This morning was quite sombre; rain last night and grey, cloudy skies added to the end-of-a-great-holiday feeling.
After breakfast, we wandered over for a look at the Place des Vosges just as Dominique Strauss Kahn arrived back from the USA, so it was a riot of television cameras and paparazzi.
Came back to check out of the hotel and had a quick last coffee in Le Grizzli.
- We say au revoir (not adieu) to Le Grizzli
Headed off to the Gare de Lyon to meet Neil off the TGV from Geneva. Decided to have a final lunch before going our separate ways – Margaret back home to Scotland, us to La Rochelle on the Atlantic coast.
Le Train Bleu (the name of the train from Paris to the Cote d’Azur) is a famous restaurant situated above the platforms in the station. It’s a wondrous piece of French, completely over the top, bonkersville Belle Epoque fabulousness. We had a superb lunch of a warm smoked salmon terrine with fennel, cucumber & chives – Neil chose the pistachio sausage baked in a brioche. And of course we had a healthy amount of decent rosé wine.The recurring theme throughout our Paris break has been ‘things can’t get any better’. But they started off brilliantly and just kept getting better – and the Le Train Bleu lunch topped off the whole experience.A big thanks to Neil for indulging Margaret and me – he bravely gave us the choice of Le Train Bleu or the rather grim brasserie downstairs when he knew the havoc that could be wreaked with his sporran. Havoc was duly wreaked, but he bore it well.

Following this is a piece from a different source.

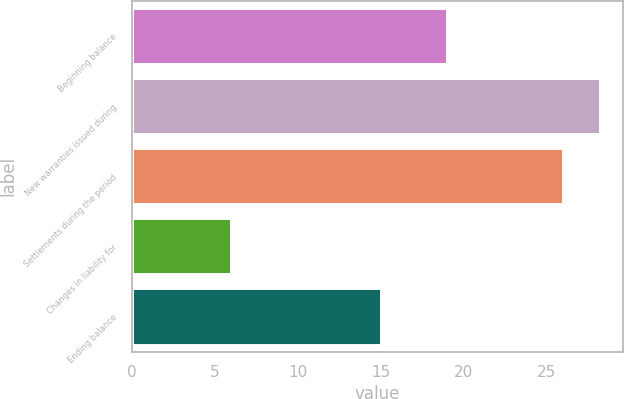Convert chart. <chart><loc_0><loc_0><loc_500><loc_500><bar_chart><fcel>Beginning balance<fcel>New warranties issued during<fcel>Settlements during the period<fcel>Changes in liability for<fcel>Ending balance<nl><fcel>19<fcel>28.2<fcel>26<fcel>6<fcel>15<nl></chart>

Margaret and I had a fantastic time. Paris had on it’s best dress for our stay – even the Parisians seemed a lot less surly and obnoxious – we had only 2 Franco-Scottish international incidents over 4 days which must be a record :).
Sad to say goodbye but will definately do something similar next year – already looking forward to it.
A beautifully sunny day. Not wanting to waste a minute, we met up at 8am for breakfast and decided to head off down the Seine to the Musee d’Orsay. After overdosing on impressionists, furniture, glassware, dinner services and sculpture, it all got too much so we detoured to the little cafe on the ground floor, where you sit with your coffee and muffin, surrounded by all this art. It was fabulous.
We left just as it was getting really busy and walked through the Louvreto the Place de la Concorde, past the Hotel Crillon and up to the Place de l’Opera. We were heading for lunch at the Galeries Lafayettewhere there’s a Bar a Bulles (champagne bar) on the first floor. We only went to appreciate the interior decor – nothing to do with champagne of course.
Back to the hotel, via an ice cream at Alberto Gelati again, and back out at 7pm to get up to Sacre Coeur. It was mobbed of course, as was the Place du Tertre, but we sat and had a glass of wine and people-watched.I had booked a table at L’Esterel, a little Montmartre restaurant that I used to go to. I don’t know who I booked a table with, because L’Esterel was no longer in existence. Instead we found a tiny little place and had a decent meal at a reasonable price considering where we were.
We got a taxi back to the Marais, which was in full swing at midnight. But we were knackered – we’d done a lot of walking and had absorbed a lot of art. A brilliant day :).
I’ve met up with my friend Margaret in Paris for 3 days. We’re staying at the Hotel Andrea Rivoli in the Marais, right on the Rue de Rivoli but tucked up a quiet side street.
This is a great little hotel – I’ve stayed here several times over the years. I have a tiny room built around the old central staircase with a typical Parisian view:
- At least I have a window…
For 82 euros a night, it’s fine. We dumped the bags and went out for a glass of wine.
Deux kirs svp jeune homme...
Following the sound of music, we arrived at the Pompidou Centre where a brass band was playing – not the old-fashioned sort of oompah brass band – this lot were playing Lady Gaga and dancing around at the same time. Then headed to Le Grizzli on the rue St Martin for dinner – duck breast with maple syrup and pear poached in red wine, followed by salted caramel ice cream from Alberto Gelati.
- Margaret and her French Duck
Spent the rest of the evening wandering around like a tourist – over to the Hotel de Ville, Notre Dame and a bit of getting lost over on the left bank.
I learned a lesson today though: don’t try and drag 20kg 0f luggage through the metro in the middle of summer. Not fun.